Après ces validations chez l’animal, les 20 premiers patients humains ont été inclus et opérés soit en Iran (12 patients) ou en Inde (8 patients). La publication rapporte leurs résultats assez extraordinaires au bout de deux ans de suivi. Pour des considérations éthiques, les yeux sélectionnés pour cet essai étaient tous intolérants au port de lentilles rigides, avaient une vision faible avec une moyenne à 1/20ème corrigée en lunettes ou lentilles (14 yeux étaient en cécité légale) et il s’agissait de patients qui n’auraient pas pu être greffés par kératoplastie transfixiante en raison de l’absence de greffon disponible.

La chirurgie s’adressait à des patients porteurs de kératocônes sévères (kératométrie maximale moyenne de 62 à 69D et pachymétrie minimale moyenne à 400 et 368 selon la série) sans opacification cornéenne. Une dissection lamellaire était réalisée à l’aide d’un laser femtoseconde sur un diamètre de 9 mm avec une incision latérale de 2 à 4 mm afin d’implanter le greffon de 280 ou 400 m d’épaisseur préalablement trépané à 8 ou 8,5mm de diamètre. Cette technique a originalement été conceptualisée à visée réfractive par Barraquer dans les années 60 sous le nom de « kératophakie ».

La sécurité de la procédure a été jugée bonne par les investigateurs et toutes les cornées opérées ont présenté une bonne transparence à deux ans de la chirurgie. L’acuité visuelle finale avec correction était de 4/10ème dans la série iranienne et de 8/10ème dans la série indienne. La pachymétrie moyenne était largement augmentée par la procédure, avec une réduction de la kératométrie moyenne, permettant à nouveau le port de lentilles rigides chez tous les patients. Au total, alors que 14 yeux étaient considérés en état de cécité avant la procédure, aucun œil ne l’était deux ans après la chirurgie.

Voici donc une première série de patients opérés aux résultats tout à fait remarquables, expliquant l’enthousiasme médiatique suscité par la publication de cet article.
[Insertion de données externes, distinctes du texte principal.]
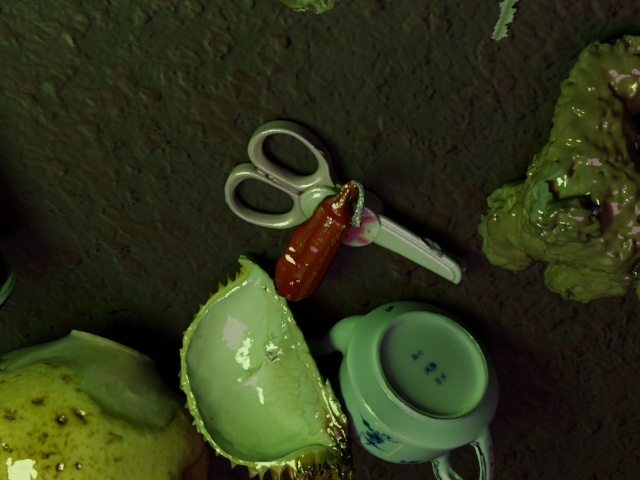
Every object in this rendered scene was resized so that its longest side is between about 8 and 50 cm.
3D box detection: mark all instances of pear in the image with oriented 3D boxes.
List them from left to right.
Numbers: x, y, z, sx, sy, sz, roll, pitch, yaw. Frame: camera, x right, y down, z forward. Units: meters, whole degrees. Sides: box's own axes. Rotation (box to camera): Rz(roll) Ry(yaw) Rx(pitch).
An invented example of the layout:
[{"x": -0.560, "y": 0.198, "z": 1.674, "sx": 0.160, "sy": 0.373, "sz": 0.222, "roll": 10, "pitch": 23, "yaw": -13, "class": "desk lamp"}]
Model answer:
[{"x": -0.242, "y": 0.226, "z": 1.719, "sx": 0.271, "sy": 0.271, "sz": 0.271, "roll": 4, "pitch": 127, "yaw": 5, "class": "pear"}]

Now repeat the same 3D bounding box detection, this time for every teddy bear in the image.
[{"x": 0.296, "y": -0.021, "z": 1.518, "sx": 0.256, "sy": 0.156, "sz": 0.267, "roll": 20, "pitch": 125, "yaw": -9, "class": "teddy bear"}]

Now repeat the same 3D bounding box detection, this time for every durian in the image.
[{"x": -0.050, "y": 0.147, "z": 1.682, "sx": 0.144, "sy": 0.252, "sz": 0.139, "roll": -9, "pitch": 156, "yaw": -35, "class": "durian"}]

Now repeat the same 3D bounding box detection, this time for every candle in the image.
[{"x": 0.000, "y": 0.000, "z": 1.603, "sx": 0.053, "sy": 0.048, "sz": 0.162, "roll": 17, "pitch": 134, "yaw": -15, "class": "candle"}]

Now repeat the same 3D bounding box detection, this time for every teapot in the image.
[{"x": 0.084, "y": 0.156, "z": 1.688, "sx": 0.232, "sy": 0.159, "sz": 0.159, "roll": 45, "pitch": 124, "yaw": 8, "class": "teapot"}]

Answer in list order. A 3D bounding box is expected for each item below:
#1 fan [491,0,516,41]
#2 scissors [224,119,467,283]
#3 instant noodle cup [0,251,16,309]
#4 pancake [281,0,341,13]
[{"x": 0.193, "y": -0.282, "z": 1.396, "sx": 0.191, "sy": 0.009, "sz": 0.329, "roll": 2, "pitch": 137, "yaw": -19, "class": "fan"}, {"x": 0.030, "y": -0.022, "z": 1.630, "sx": 0.242, "sy": 0.030, "sz": 0.118, "roll": 28, "pitch": 128, "yaw": -10, "class": "scissors"}, {"x": -0.416, "y": -0.034, "z": 1.597, "sx": 0.216, "sy": 0.215, "sz": 0.236, "roll": -7, "pitch": 117, "yaw": 14, "class": "instant noodle cup"}, {"x": -0.102, "y": -0.324, "z": 1.283, "sx": 0.387, "sy": 0.082, "sz": 0.387, "roll": 42, "pitch": 162, "yaw": 17, "class": "pancake"}]

Ces résultats devront être cependant confirmés par une série de plus vaste ampleur, y compris dans les pays industrialisés.

 

Rafat M, Jabbarvand M, Sharma N, Xeroudaki M, Tabe S, Omrani R, Thangavelu M, Mukwaya A, Fagerholm P, Lennikov A, Askarizadeh F, Lagali N. Bioengineered corneal tissue for minimally invasive vision restoration in advanced keratoconus in two clinical cohorts. Nat Biotechnol. 2022 Aug 11. Epub ahead of print.